I can't say if either of those is actually correct. I'm merely repeating them because I'd like to hear them discussed to see if either of them has any truth or if they are just "urban FEH legends"

 

CAT temp is almost never the cause. Min Temp to be effective is about 750 degrees, and the CAT gets to 1400-1500 degrees quickly, and cools about 1 degree per second. Thus, if CAT temp were making the decision, you would have about 10-12 minutes of EV after each 2 minutes of ICE.

CHT temp cools more quickly, and where the CAT has 750 degrees of range to play with, the CHT only has a range of about 25 degrees to play with. CHT looks like the #1 PID to watch, but is not the only one to watch.

CHT has at least 3 stages or ranges that I have found *(so far) based on weather. I have found a warm range, and cool range, and a darn right bitter cold range.

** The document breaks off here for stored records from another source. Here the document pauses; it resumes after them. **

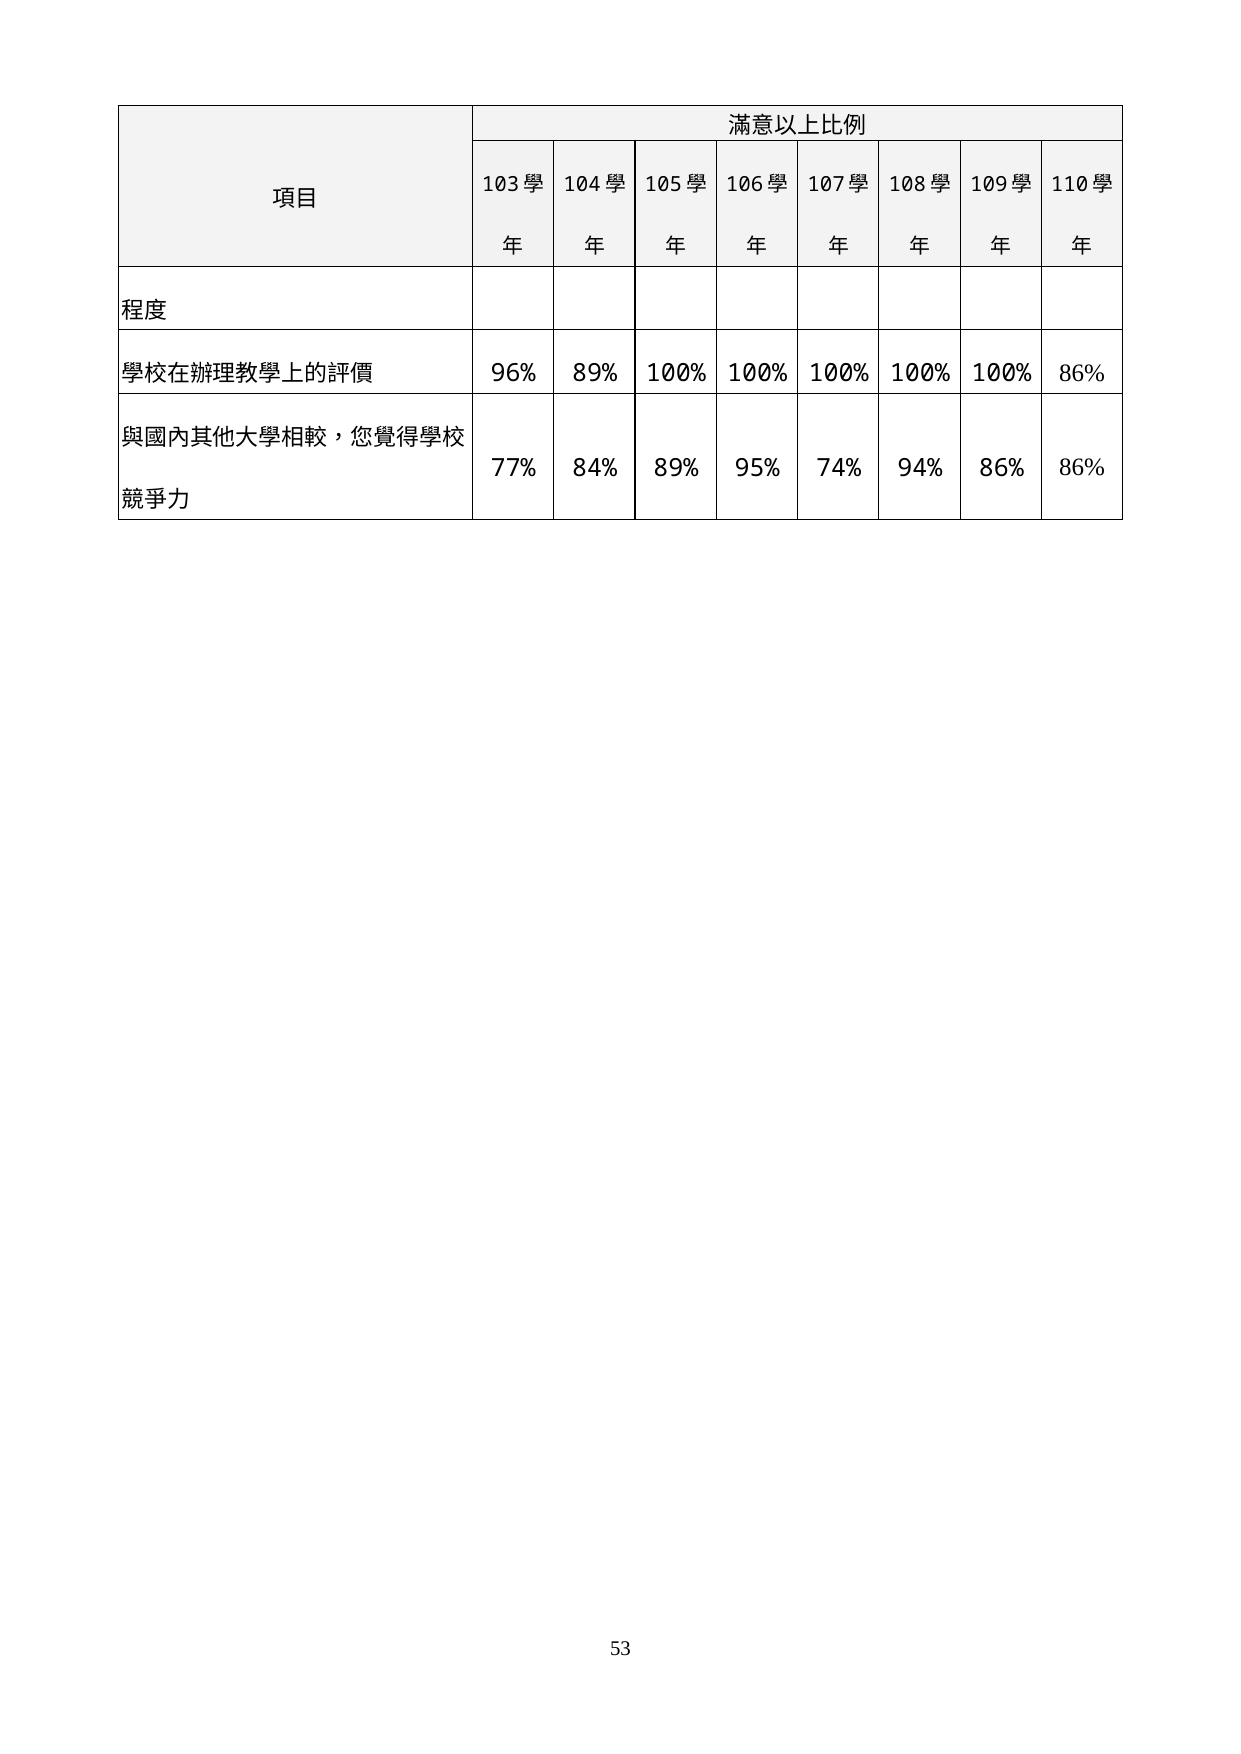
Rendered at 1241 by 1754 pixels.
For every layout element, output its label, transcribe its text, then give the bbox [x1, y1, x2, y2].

table_cell [961, 267, 1041, 329]
table_cell 96% [473, 330, 553, 393]
table_cell 74% [798, 394, 878, 519]
table_cell 94% [879, 394, 960, 519]
table_cell 84% [554, 394, 634, 519]
table_cell [717, 267, 797, 329]
table_cell 100% [879, 330, 960, 393]
table_cell 86% [961, 394, 1041, 519]
table_cell [554, 267, 634, 329]
table_cell 107學年 [798, 141, 878, 266]
table_cell [636, 267, 716, 329]
table_cell 程度 [119, 267, 472, 329]
table_cell 109學年 [961, 141, 1041, 266]
table_cell [473, 267, 553, 329]
table_cell 學校在辦理教學上的評價 [119, 330, 472, 393]
table_cell 77% [473, 394, 553, 519]
table_cell 95% [717, 394, 797, 519]
table_cell 108學年 [879, 141, 960, 266]
table_cell 110學年 [1042, 141, 1122, 266]
table_cell 105學年 [636, 141, 716, 266]
table_cell [879, 267, 960, 329]
table_cell [798, 267, 878, 329]
table_cell 106學年 [717, 141, 797, 266]
table_cell [1042, 267, 1122, 329]
table_cell 100% [961, 330, 1041, 393]
table_cell 100% [717, 330, 797, 393]
table_cell 89% [636, 394, 716, 519]
table_cell 89% [554, 330, 634, 393]
table_cell 86% [1042, 394, 1122, 519]
table_cell 100% [798, 330, 878, 393]
table_cell 與國內其他大學相較，您覺得學校競爭力 [119, 394, 472, 519]
table_cell 100% [636, 330, 716, 393]
table_cell 86% [1042, 330, 1122, 393]
table_cell 104學年 [554, 141, 634, 266]
table_header 滿意以上比例 [473, 106, 1122, 140]
table_header 項目 [119, 106, 472, 266]
table_cell 103學年 [473, 141, 553, 266]
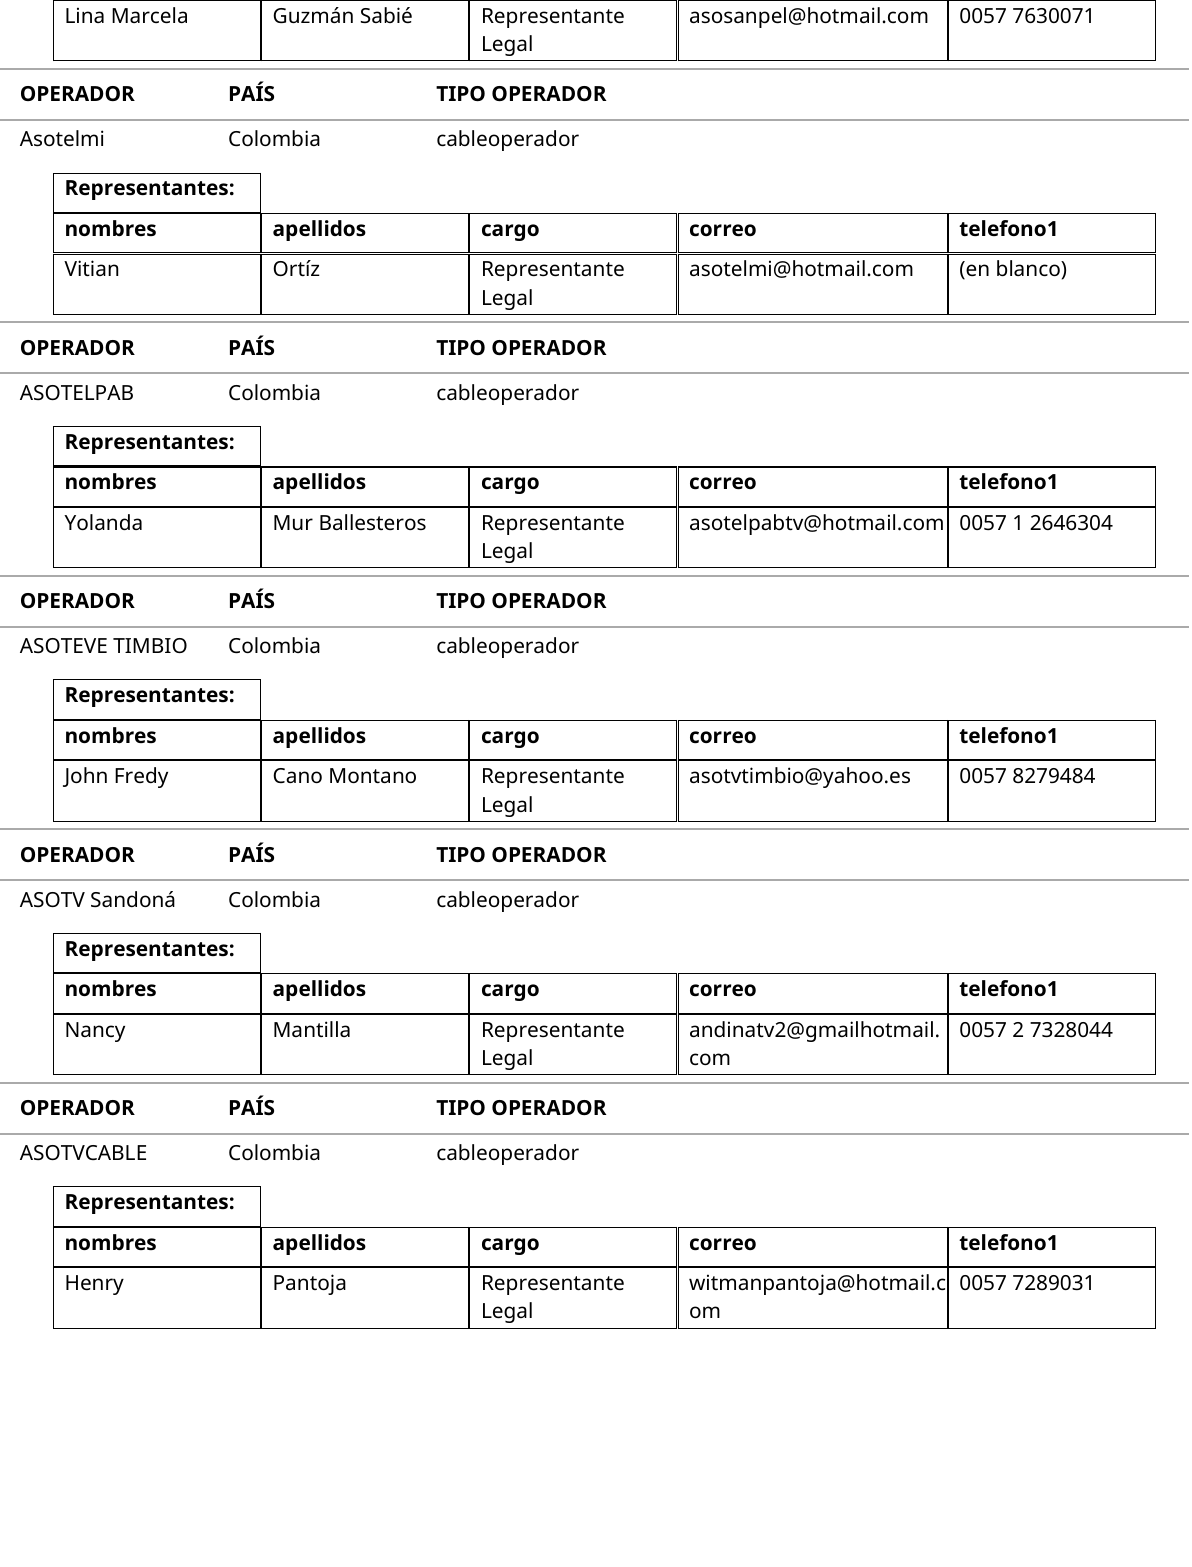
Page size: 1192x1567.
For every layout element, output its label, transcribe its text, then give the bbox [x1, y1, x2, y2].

The following are 'estimates' with a small sample size:
1 car, and only a few day worth of data:

In sunny, warm, Los Angeles ( 72-80 degrees while on December vacation ) I could have EV with CHT above 160.

In mild ( cool ) Colorado, ( 32-60 degrees ) I can have EV with CHT above 188.

In bitter cold ( -10 to 20 degrees ) I can only have EV with CHT above 200 degrees.

It normally takes 16 to 20 degrees above these minimums to trigger EV.
Thus, an initial warm up will require 216 to 220 to enable EV for the first time if you start a drive at zero degrees. Then you can drive EV down to about 200. That's not much range ( or time ) when it is cold out.

On a warm CA day... your CHT will probably still be at 220 quickly... but you are #1 allowed to keep EV down to 160 and #2 it takes a long time to get to 160 when it is 80 degrees ambient.

This probably has to do with the computer model that predicts how fast the rest of the car ( CAT, Water, etc. ) cools under these conditions.